**What you have to do:**
Among the lines below, count those with the word "down". Answer with the number only.

··· Materials provided ···

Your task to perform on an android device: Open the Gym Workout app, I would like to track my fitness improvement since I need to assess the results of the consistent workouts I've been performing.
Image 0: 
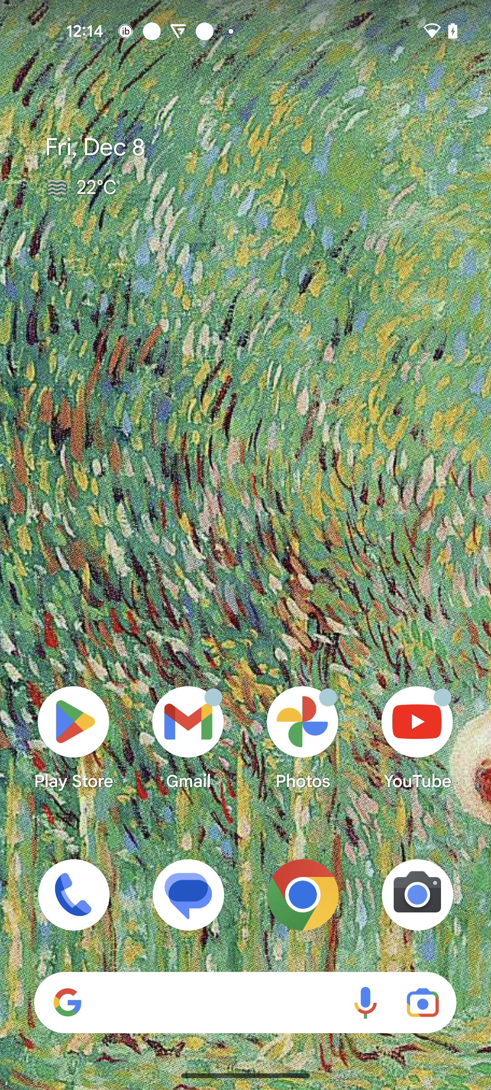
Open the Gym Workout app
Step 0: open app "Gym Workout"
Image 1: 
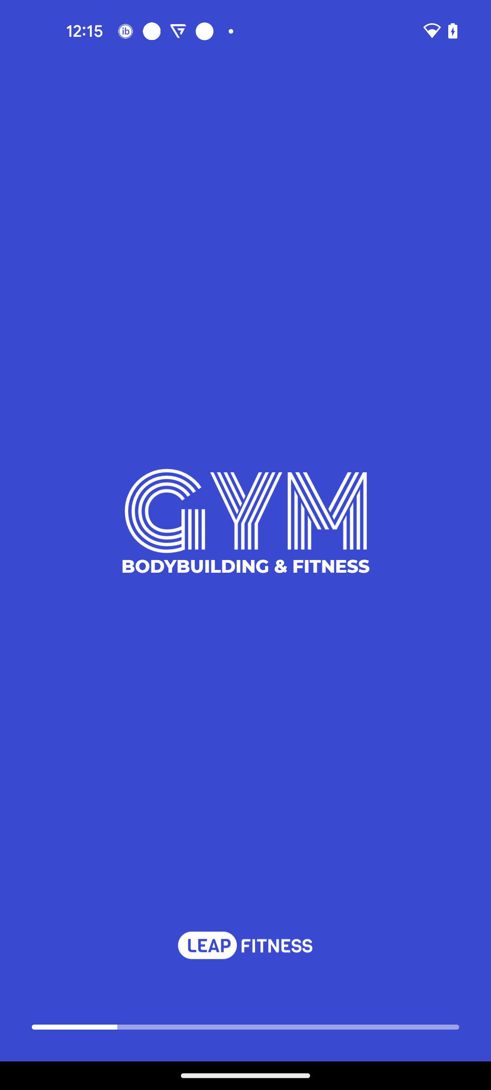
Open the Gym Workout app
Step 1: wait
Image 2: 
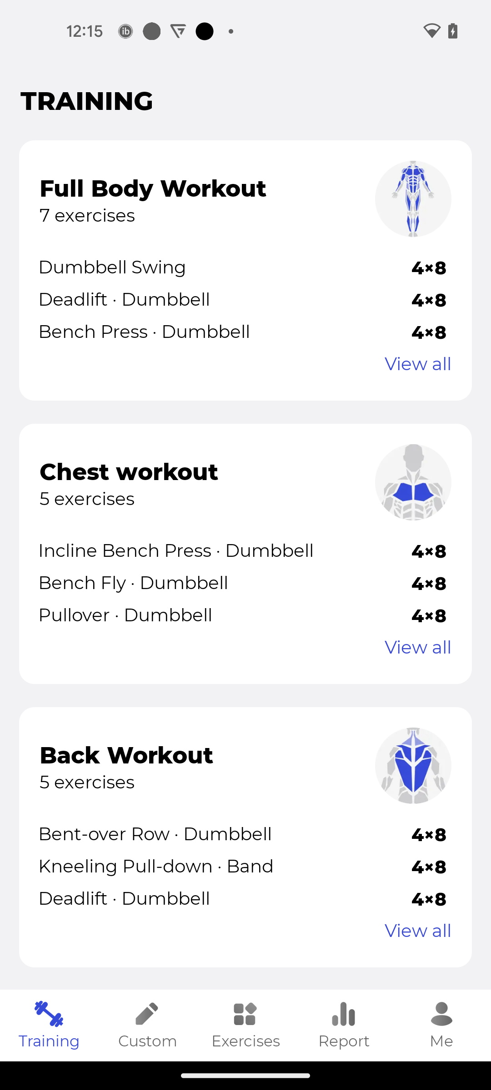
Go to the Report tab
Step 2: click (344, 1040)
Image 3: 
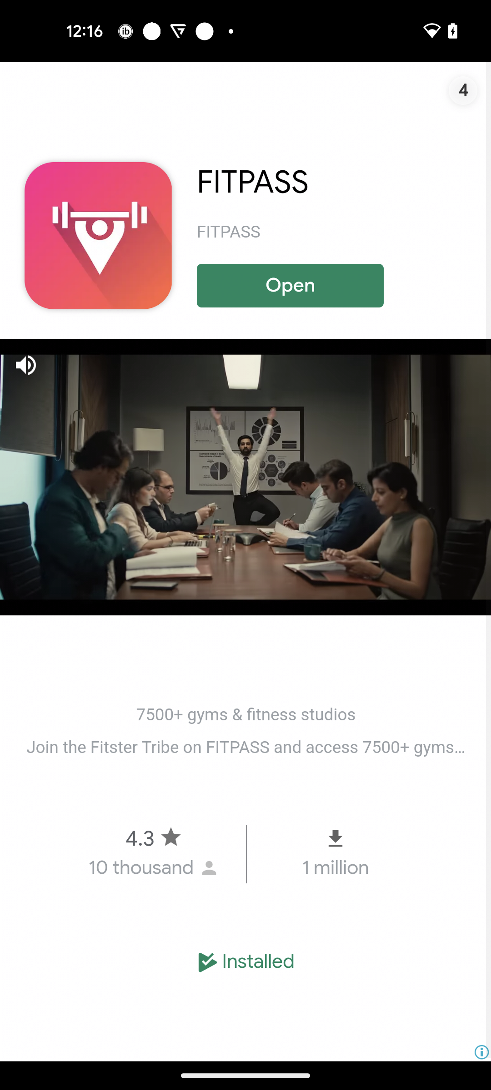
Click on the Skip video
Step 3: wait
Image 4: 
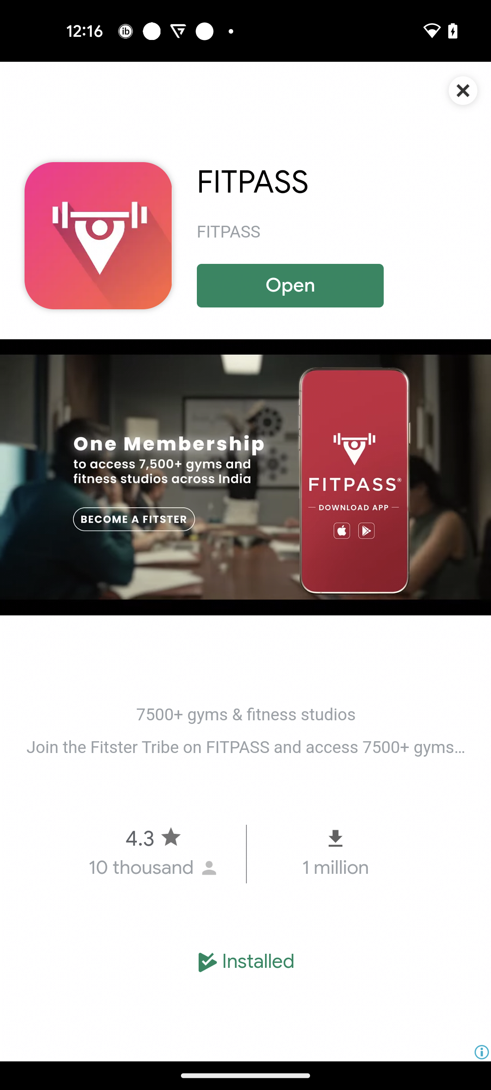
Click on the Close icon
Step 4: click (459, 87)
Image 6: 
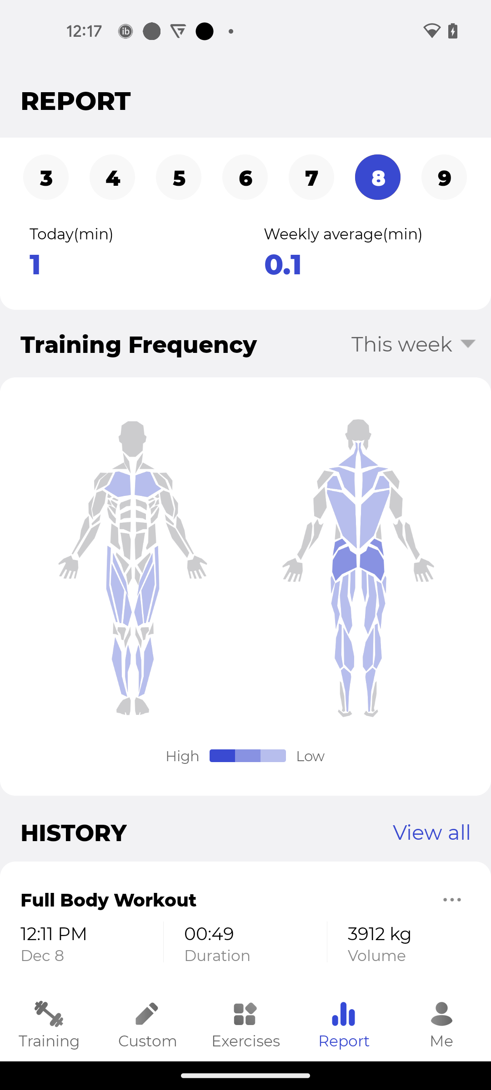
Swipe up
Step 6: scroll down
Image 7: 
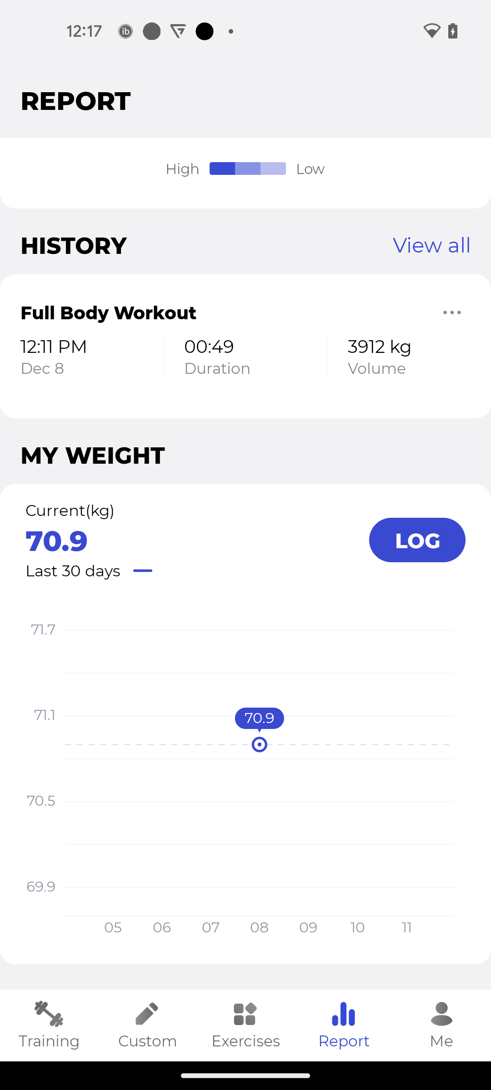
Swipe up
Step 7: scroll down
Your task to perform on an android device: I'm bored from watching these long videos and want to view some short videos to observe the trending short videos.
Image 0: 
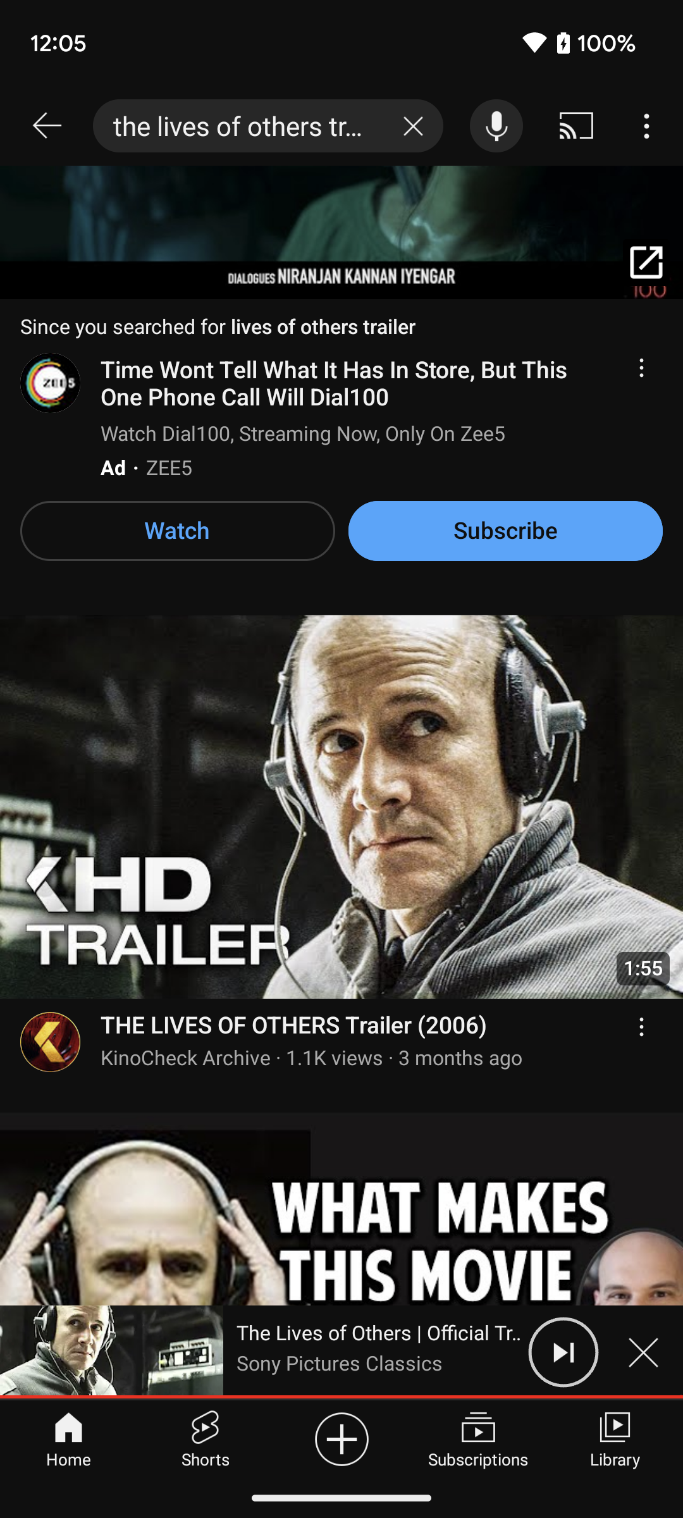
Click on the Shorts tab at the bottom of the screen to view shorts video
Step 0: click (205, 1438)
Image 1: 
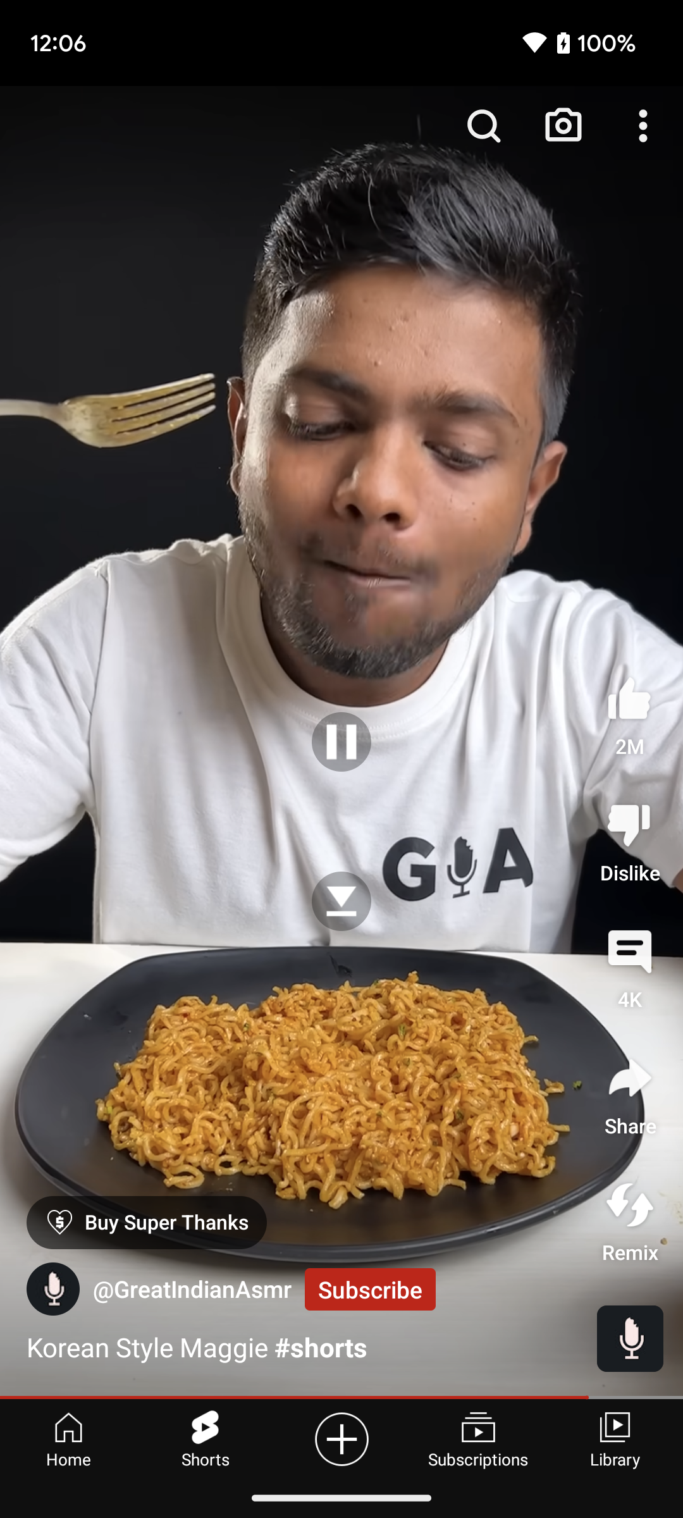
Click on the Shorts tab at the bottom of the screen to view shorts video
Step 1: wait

···

**Exercise response:**
2